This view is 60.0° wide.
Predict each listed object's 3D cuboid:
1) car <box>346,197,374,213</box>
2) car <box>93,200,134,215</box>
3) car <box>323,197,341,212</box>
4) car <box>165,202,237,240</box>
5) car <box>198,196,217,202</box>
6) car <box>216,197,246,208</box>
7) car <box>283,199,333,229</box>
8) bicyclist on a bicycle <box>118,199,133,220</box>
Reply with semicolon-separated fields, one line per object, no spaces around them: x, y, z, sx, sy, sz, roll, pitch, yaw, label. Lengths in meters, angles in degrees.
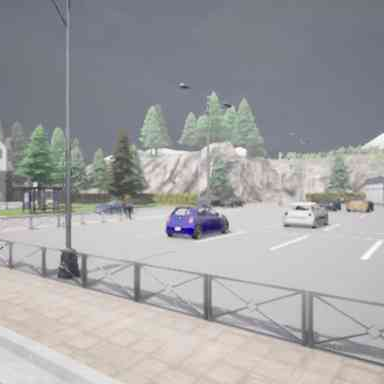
======
** About this exercise **
What you produce should repeat the data word for word while omitting all images.

** Task output **
This view is 60.0° wide.
Predict each listed object's 3D cuboid:
1) car <box>346,197,374,213</box>
2) car <box>93,200,134,215</box>
3) car <box>323,197,341,212</box>
4) car <box>165,202,237,240</box>
5) car <box>198,196,217,202</box>
6) car <box>216,197,246,208</box>
7) car <box>283,199,333,229</box>
8) bicyclist on a bicycle <box>118,199,133,220</box>
Reply with semicolon-separated fields, one line per object, no spaces around them: x, y, z, sx, sy, sz, roll, pitch, yaw, label. Lengths in meters, angles in degrees.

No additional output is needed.